Another issue raised by Huggett is the static nature of the data recorded in most databases. A typical database models a 'snapshot' of current values, with updates replacing previously recorded data. Several research prototype DBMS have explored alternative approaches in which data is never overwritten and remains accessible through query language extensions. Typically, these systems add 'start' and 'end' timestamps to each tuple/record to define the period of validity of the data. When a new record is inserted, it receives a 'start' timestamp but the 'end' remains empty. At any time, only one version of a record has an empty 'end' and is regarded as the current version. Instead of overwriting the original record, subsequent updates set the 'end' timestamp of the current record to the current time and insert a new record with the same value in its 'start' timestamp. Deletion simply sets the 'end' timestamp of the current record. More complex approaches in which the system maintains similar pairs of timestamps for individual attributes have also been used.

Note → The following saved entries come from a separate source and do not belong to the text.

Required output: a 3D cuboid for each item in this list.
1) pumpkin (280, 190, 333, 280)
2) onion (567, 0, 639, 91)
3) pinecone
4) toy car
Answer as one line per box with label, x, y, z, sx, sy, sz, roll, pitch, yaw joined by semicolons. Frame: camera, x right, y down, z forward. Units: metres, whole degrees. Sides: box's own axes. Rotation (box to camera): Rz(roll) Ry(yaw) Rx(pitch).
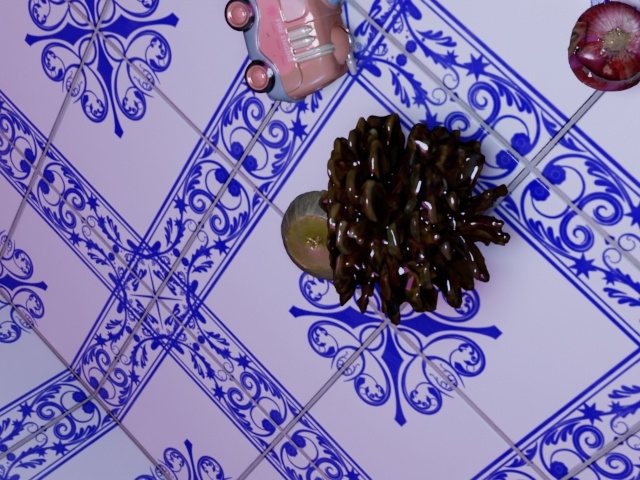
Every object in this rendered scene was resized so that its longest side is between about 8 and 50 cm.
pumpkin;-0.014;0.003;1.837;0.217;0.110;0.218;9;109;27
onion;0.474;-0.314;1.393;0.150;0.140;0.150;0;85;-3
pinecone;0.168;-0.034;1.541;0.397;0.397;0.398;13;116;28
toy car;-0.044;-0.416;1.641;0.212;0.180;0.271;-12;104;25
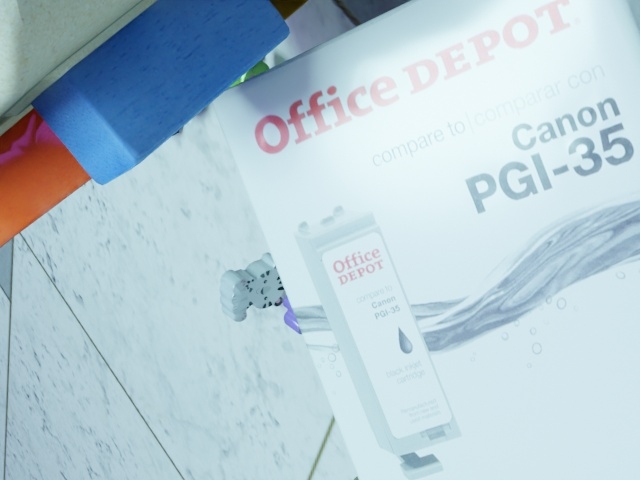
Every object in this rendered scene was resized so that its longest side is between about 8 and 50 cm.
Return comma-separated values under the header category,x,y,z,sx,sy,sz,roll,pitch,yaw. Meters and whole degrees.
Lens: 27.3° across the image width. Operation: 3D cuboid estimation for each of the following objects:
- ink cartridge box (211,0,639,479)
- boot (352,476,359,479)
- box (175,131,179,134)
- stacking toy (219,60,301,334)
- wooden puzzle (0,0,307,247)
category,x,y,z,sx,sy,sz,roll,pitch,yaw
ink cartridge box,0.101,0.023,0.577,0.207,0.117,0.283,-20,93,36
boot,0.129,0.224,0.777,0.270,0.089,0.236,58,163,17
box,-0.166,-0.197,0.997,0.191,0.045,0.184,48,148,29
stacking toy,0.000,0.000,0.867,0.167,0.052,0.221,35,136,40
wooden puzzle,-0.054,-0.112,0.617,0.080,0.322,0.348,49,153,-6
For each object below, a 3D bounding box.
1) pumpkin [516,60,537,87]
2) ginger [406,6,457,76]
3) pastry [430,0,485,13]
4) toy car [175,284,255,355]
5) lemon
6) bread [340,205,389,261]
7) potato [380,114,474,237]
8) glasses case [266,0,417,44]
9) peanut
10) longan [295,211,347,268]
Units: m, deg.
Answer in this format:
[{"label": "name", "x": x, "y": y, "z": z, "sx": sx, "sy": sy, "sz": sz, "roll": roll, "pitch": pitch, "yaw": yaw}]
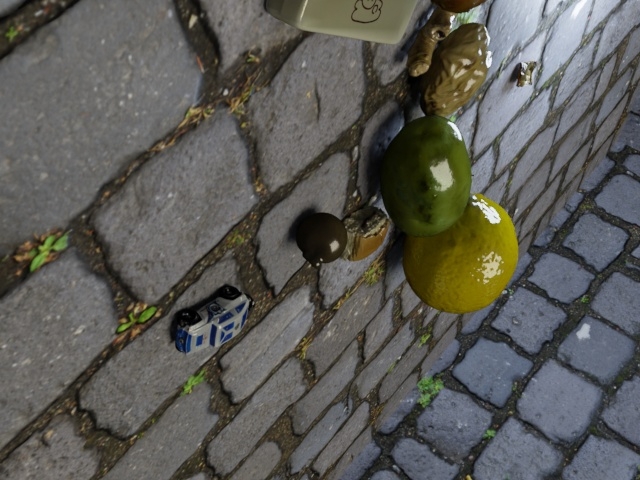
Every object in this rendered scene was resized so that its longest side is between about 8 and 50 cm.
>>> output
[{"label": "pumpkin", "x": 0.568, "y": -0.467, "z": 1.962, "sx": 0.101, "sy": 0.035, "sz": 0.073, "roll": -16, "pitch": 123, "yaw": -50}, {"label": "ginger", "x": 0.250, "y": -0.438, "z": 1.369, "sx": 0.288, "sy": 0.075, "sz": 0.089, "roll": -54, "pitch": -168, "yaw": -6}, {"label": "pastry", "x": 0.237, "y": -0.461, "z": 1.095, "sx": 0.218, "sy": 0.100, "sz": 0.229, "roll": -23, "pitch": 143, "yaw": -34}, {"label": "toy car", "x": -0.190, "y": 0.147, "z": 1.294, "sx": 0.170, "sy": 0.070, "sz": 0.080, "roll": -30, "pitch": 144, "yaw": -43}, {"label": "lemon", "x": 0.375, "y": 0.036, "z": 1.902, "sx": 0.336, "sy": 0.336, "sz": 0.336, "roll": -42, "pitch": 152, "yaw": -28}, {"label": "bread", "x": 0.100, "y": -0.013, "z": 1.608, "sx": 0.125, "sy": 0.082, "sz": 0.106, "roll": -40, "pitch": 145, "yaw": -37}, {"label": "potato", "x": 0.229, "y": -0.138, "z": 1.550, "sx": 0.216, "sy": 0.215, "sz": 0.304, "roll": -48, "pitch": 148, "yaw": -16}, {"label": "glasses case", "x": 0.049, "y": -0.381, "z": 1.074, "sx": 0.312, "sy": 0.070, "sz": 0.131, "roll": -15, "pitch": 134, "yaw": -55}, {"label": "peanut", "x": 0.281, "y": -0.354, "z": 1.472, "sx": 0.197, "sy": 0.110, "sz": 0.233, "roll": -50, "pitch": 160, "yaw": -2}, {"label": "longan", "x": 0.000, "y": 0.000, "z": 1.414, "sx": 0.106, "sy": 0.106, "sz": 0.119, "roll": 78, "pitch": 31, "yaw": -58}]
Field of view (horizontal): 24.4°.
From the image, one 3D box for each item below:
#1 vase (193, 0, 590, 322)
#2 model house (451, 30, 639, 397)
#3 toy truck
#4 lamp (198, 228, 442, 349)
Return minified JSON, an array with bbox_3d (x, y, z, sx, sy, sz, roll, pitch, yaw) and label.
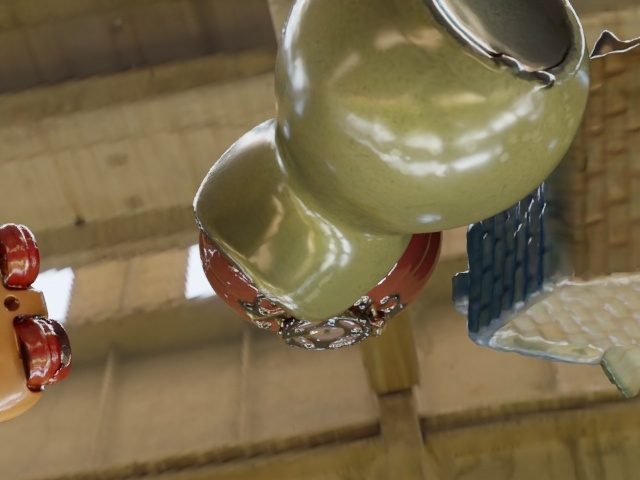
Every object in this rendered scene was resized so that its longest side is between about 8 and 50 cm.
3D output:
[{"bbox_3d":[0.079,-0.117,1.217,0.241,0.302,0.329,43,-138,3],"label":"vase"},{"bbox_3d":[0.375,-0.025,1.836,0.400,0.445,0.395,-13,-120,23],"label":"model house"},{"bbox_3d":[-0.426,0.099,1.709,0.189,0.239,0.265,-10,-105,-32],"label":"toy truck"},{"bbox_3d":[0.000,0.000,1.831,0.303,0.303,0.257,-8,-116,6],"label":"lamp"}]
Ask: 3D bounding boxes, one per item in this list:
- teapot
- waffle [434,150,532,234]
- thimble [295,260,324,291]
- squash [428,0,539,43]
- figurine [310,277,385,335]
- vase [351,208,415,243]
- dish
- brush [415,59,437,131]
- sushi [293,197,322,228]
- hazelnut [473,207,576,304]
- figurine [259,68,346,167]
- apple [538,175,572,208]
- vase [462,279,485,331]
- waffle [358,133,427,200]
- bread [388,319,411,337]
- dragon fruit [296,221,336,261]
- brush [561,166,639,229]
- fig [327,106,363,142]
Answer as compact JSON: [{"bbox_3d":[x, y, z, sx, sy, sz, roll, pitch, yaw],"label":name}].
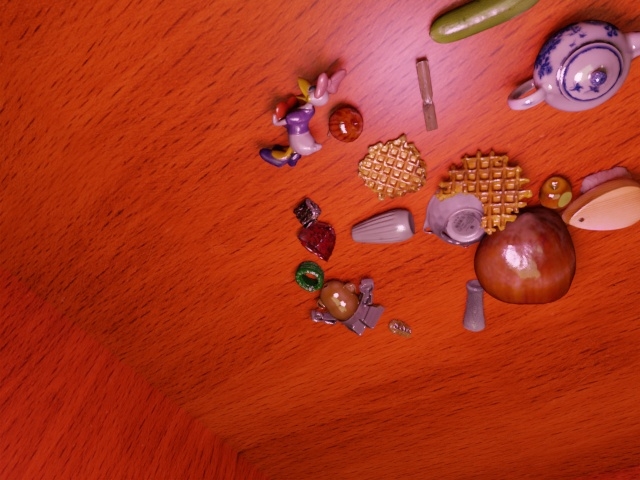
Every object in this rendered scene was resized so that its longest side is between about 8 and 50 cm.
[{"bbox_3d":[0.757,-0.493,1.277,0.424,0.280,0.252,-22,115,23],"label":"teapot"},{"bbox_3d":[0.578,-0.181,1.548,0.260,0.069,0.293,-49,65,7],"label":"waffle"},{"bbox_3d":[-0.044,0.158,1.945,0.118,0.090,0.130,-17,118,18],"label":"thimble"},{"bbox_3d":[0.508,-0.683,1.305,0.379,0.101,0.101,-19,117,18],"label":"squash"},{"bbox_3d":[0.116,0.285,1.956,0.285,0.167,0.342,39,100,-25],"label":"figurine"},{"bbox_3d":[0.243,-0.046,1.751,0.248,0.128,0.128,-11,120,27],"label":"vase"},{"bbox_3d":[0.541,-0.079,1.677,0.303,0.120,0.303,4,122,7],"label":"dish"},{"bbox_3d":[0.362,-0.488,1.497,0.043,0.036,0.248,-7,128,19],"label":"brush"},{"bbox_3d":[-0.051,-0.112,1.767,0.084,0.098,0.094,-40,99,24],"label":"sushi"},{"bbox_3d":[0.748,0.063,1.610,0.366,0.366,0.365,4,123,7],"label":"hazelnut"},{"bbox_3d":[-0.062,-0.408,1.517,0.193,0.154,0.421,37,132,14],"label":"figurine"},{"bbox_3d":[0.831,-0.172,1.573,0.114,0.099,0.102,-31,134,0],"label":"apple"},{"bbox_3d":[0.664,0.277,1.905,0.096,0.096,0.219,-2,119,11],"label":"vase"},{"bbox_3d":[0.267,-0.263,1.649,0.238,0.058,0.243,-25,113,27],"label":"waffle"},{"bbox_3d":[0.369,0.406,2.055,0.110,0.060,0.066,19,110,0],"label":"bread"},{"bbox_3d":[-0.001,-0.001,1.852,0.127,0.120,0.161,-47,142,-10],"label":"dragon fruit"},{"bbox_3d":[0.965,-0.136,1.534,0.267,0.166,0.174,-17,118,14],"label":"brush"},{"bbox_3d":[0.089,-0.402,1.558,0.128,0.150,0.128,0,89,-1],"label":"fig"}]
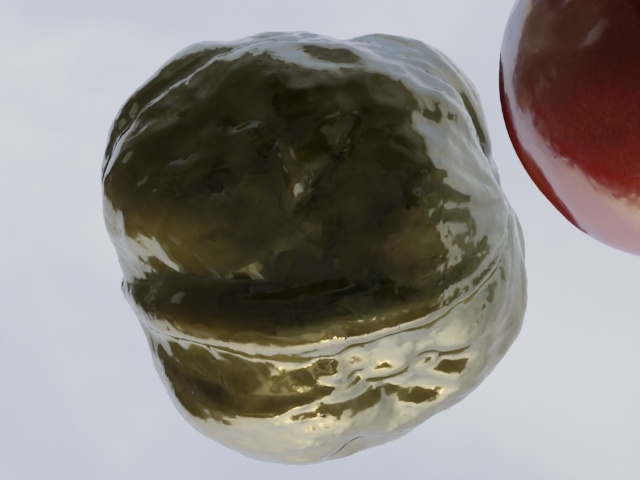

Despite the attraction of being able to explore the historical development of database contents, such 'transaction time' temporal databases have not been widely developed beyond the research laboratories. It is, however, possible to add basic temporal capabilities to existing databases using triggers to generate log records of significant changes as in the example in the preceding section. Similar approaches may be taken to develop historical databases in which the timestamps represent the period when the stored 'fact' was 'true' in the real, historical, world.

Preserving any uncertainty implicit in original observations is more problematic. For example, the use of real numbers in the earlier examples of dimensions might lead to an unwarranted faith in the precision of the measurements. For many purposes, this might not be a serious problem, although integer numbers might be a better choice. In other cases, a single value may not be appropriate and the uncertainty might be better expressed as a range of values. In a conventional database this cannot be represented by a single attribute; instead, two values might be used to represent the ends of the range. Testing for equality, or overlap of ranges, would then require more complex query statements or programming. An alternative approach using a fuzzy data type developed for the OR DBMS PostgreSQL is demonstrated by Niccolucci et al. (2001). In their example, fuzzy values are used to record osteological determinations of gender and age. When used together with a 'fuzzy equality' function this data type enabled them to address demographic questions about their cemetery populations using simple query statements.

A similar approach could be taken to record and manipulate date ranges. In this case the SQL date type is quite unsuitable for many archaeological purposes as it has a granularity of a single day and is usually limited to the Gregorian calendar. A fuzzy date range, or the more complex variable granularity approach used by Bagg and Ryan (1997), also using PostgreSQL, offer possible solutions. Other temporal database issues, particularly in relation to their use with GIS, are addressed by Johnson and Wilson (2002).